Кризис медленной помощи – это дефицит пространства для роста души. Много разных услуг, а пространства для души все меньше. Сейчас это отчасти сознается, но сознается умом, привыкшим к скорой помощи, и тут же профанируется. Пространство для души тоже становится коммерческой услугой. И массовый туризм разрушает, затаптывает, опошляет леса и горы, гадит на памятниках старины, забрасывает консервными банками берега и тащит транзисторы в развалины монастырей. Мир спасёт красота? Мир спасет любовь? Да, и красота, и любовь, но красота, увиденная глазами Мышкина (а не Рогожина).[9]
В номере 2 за 1977 год замечательного журнала «Вокруг света» была опубликована небольшая заметка под названием «Взаимность». Публикация имела глубокий философский смысл. Она повествовала, что туристы, посещающие конголезский Национальный парк Рвинда, ходят днем к реке смотреть на купающихся бегемотов, а ночью уже бегемоты подтягиваются к гостинице и наблюдают за туристами. Зоопарк, да и только.[10]
Высшей степенью посвящения в туризме в ту эпоху был Путь Геолога, причем культ этой мирной профессии был сравним с поклонением лётчикам в 30-е годы, — спелеологи и альпинисты почему-то шли на особицу, их занятия воспринимались лишь как экзотические и специальные ответвления Главного Пути. В туризме были свои певцы, гуру и герои, и в последних высших своих проявлениях это было своего рода сектантство — десятью годами позже те же черты повторятся в движении хиппи.
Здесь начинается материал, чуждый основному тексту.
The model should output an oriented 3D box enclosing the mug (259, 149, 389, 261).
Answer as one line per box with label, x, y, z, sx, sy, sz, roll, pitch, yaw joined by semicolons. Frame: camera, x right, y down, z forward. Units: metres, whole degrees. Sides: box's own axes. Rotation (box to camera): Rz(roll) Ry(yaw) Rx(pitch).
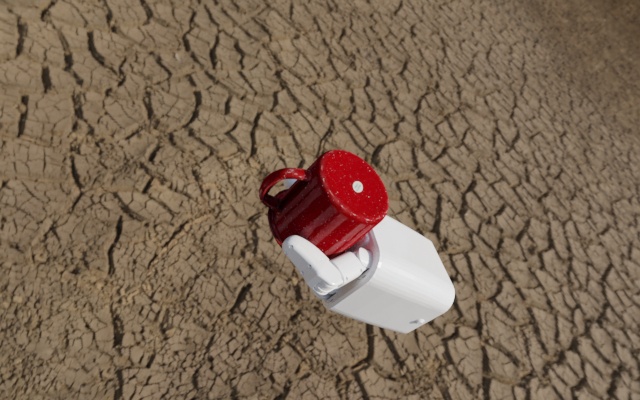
mug;-0.001;0.001;0.447;0.117;0.093;0.081;24;-46;-25
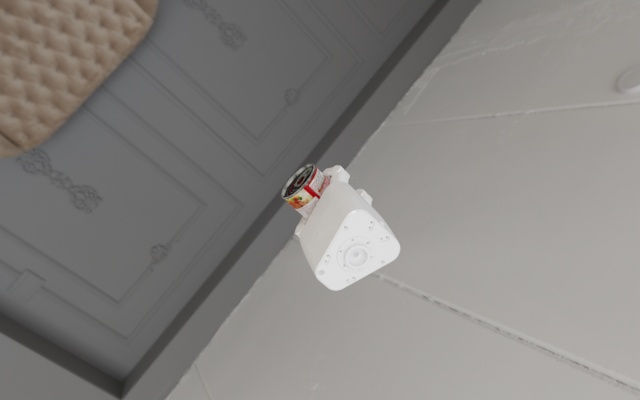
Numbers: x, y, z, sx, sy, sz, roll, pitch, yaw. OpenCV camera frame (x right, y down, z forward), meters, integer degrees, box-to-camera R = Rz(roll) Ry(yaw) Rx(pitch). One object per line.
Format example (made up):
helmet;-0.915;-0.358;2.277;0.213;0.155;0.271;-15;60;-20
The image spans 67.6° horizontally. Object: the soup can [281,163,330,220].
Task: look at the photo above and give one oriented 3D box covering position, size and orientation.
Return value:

Кстати, этот повальный, пусть и плохо осознанный эскапизм, присущий советскому туристическому движению, рифмовался с американским битничеством, пусть марихуану заменяла водка.[11]
В какой-то момент я обиделся и разозлился на Париж. Это зажравшийся, отупевший, бесчувственный город. Город, в котором голуби подыхают, обожравшись шоколада, недоеденного туристами. Вот еще один готов: глаза затянулись пленкой, только крылья еще отхлопывают по асфальту какой-то сбивчивый, агонизирующий ритм. ОбманкаChamps Elysées: ничего настоящего, просто гигантский супермаркет и огромное кафе, в котором кресла, как в кинотеатре, развернуты в сторону улицы. Вечером туристы будут наблюдать здесь «спектакль жизни», т.е. туристов же. Или продавцов птичьих трелей, свистающих на разные лады в пассаже. В какой-то момент показалось, что все это нереально.[12]
— Василий Голованов, «Остров, или оправдание бессмысленных путешествий», 2002
Наш турист никогда не потратит лишний процент на страховку собственной путевки. Он будет сидеть в аэропорту в Тунисе и ждать, когда государство, не несущее формально никакой ответственности за бизнес-отношения между туристом и туркомпанией, будет за свой счет его вытаскивать[13].
Во времена моего детства надпись «турист» сопровождала картинку, на которой человек в кедах с рюкзаком карабкается в горы. Ныне под аналогичным комментарием — пляжник: солнцезащитные очки, шезлонг под пальмой у лазурных вод океана. Всё течёт, всё меняется.
Мы живем не как туристы,
Как лентяи и поэты,
Не скупясь и не считая,
Ночь за ночью, день за днём.
Под окном левкой душистый,
Камни за день разогреты,
Умирает, истекая,
Позабытый водоём.[14]
Спал ли я в эту ночь, ― «герой без поэмы», ― в помарках от шпал?
Спал, спасенный. Как сипай. Как спирит.
Вот… ― отпеты. «К Ахматовой» ходит автобус туризма.
У Гитовича ― камень. И камень ― скамья. Там я пью, окропляя. Один.
Там, где было два домика-ёлочки, там и теперь две дачки.